Have you met a marketing guy?

Even worse, have you seen what the marketing guy said after being run through the legal team?

I know the statements I feed our marketing team. I'm also aware of what comes out the other end. It's the ultimate example of the "pass story on game". It only takes one hop for it to be totally different. Hopefully I get a chance to edit their statement before it goes out. Doesn't always happen though.

Unfortunately I have to agree with TiVo here. (As much as I hate agreeing with the marketing guy.) Saying "TiVo fixed it and there will never be another problem" will result in a lawsuit when cable company X (i.e. any of them) does something else that TiVo hadn't anticipated. The legally safe thing to say is "we have a work around for this specific problem, no future promises".

A high level view of standards, chips and the real world. Some standards are worse than I describe. Some are better. Doesn't really matter what the standard is about, the generalities usually apply. (_The following is opinion that others may disagree with. I am DEFINITELY not stating something as an employee of a company. I don't pay much attention to video/cable standards anymore since I haven't worked in that area for at least 20 years. So your mileage may vary._)

1) Standard is created by lots of companies, universities, random interested people and occasionally governments. Details vary by standards organization (TIA, ITU, 3GPP, IEEE, etc.)
2) Standard often contains a lot of features that are "extras". Some group with sufficient votes got it into the standard even though it may not be implementable. Or implementable but no one other than the group is interested. Sometimes these are added so that they justify research into that area.
3) Many standards have associated business alliances. (e.g. WiFi Alliance) The business alliance is usually composed of companies who build and/or use the actual technology. 
4) The business alliance releases their "compliance standard". It's the set of features from the official standard that the various companies who are actually implementing it are going to build. In other words they ignore the things that no one knows how to build even though they are interesting from a research view. They also ignore the things they know how to build that will cost too much money to build at the current time. Or those where multiple IP issues exist (i.e. too many patent fights that no one will agree on licenses for). Ultimately you end up with a specification that a company can build that will work with products from other companies.
5) Products ship that are compliant with the business alliance standard. Everyone is happy. For now.
6) Time passes. Things change.​
This happens in a lot of fields. Most commonly in fields where the standards groups are open to anyone as opposed to those that are closed industry standards. The closed industry standards tend to skip step one and not include on cool things just for research.

The problems occur when someone, a single company or the whole group, decides to change the rules a few years later.
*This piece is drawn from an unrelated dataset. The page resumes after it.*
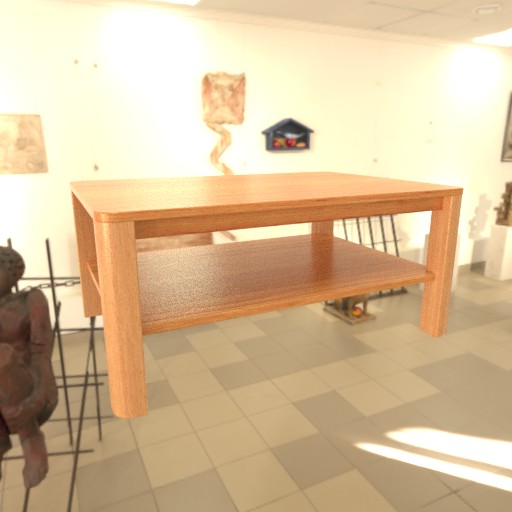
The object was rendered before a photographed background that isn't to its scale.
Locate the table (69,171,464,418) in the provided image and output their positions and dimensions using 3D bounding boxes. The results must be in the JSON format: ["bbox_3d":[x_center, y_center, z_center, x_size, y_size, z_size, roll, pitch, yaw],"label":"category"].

I'm sure Broadcom put the features into the chips that they thought were required for a DVR or TV to work on a HDTV cable or OTA system. Now years later Comcast is changing the rules. Maybe Broadcom missed something in the agreements. Maybe Comcast is picking a set of features that everyone else had said "let's wait on that". Maybe it's just a chipset bug and was supposed to work. (Possible since Premiers work.)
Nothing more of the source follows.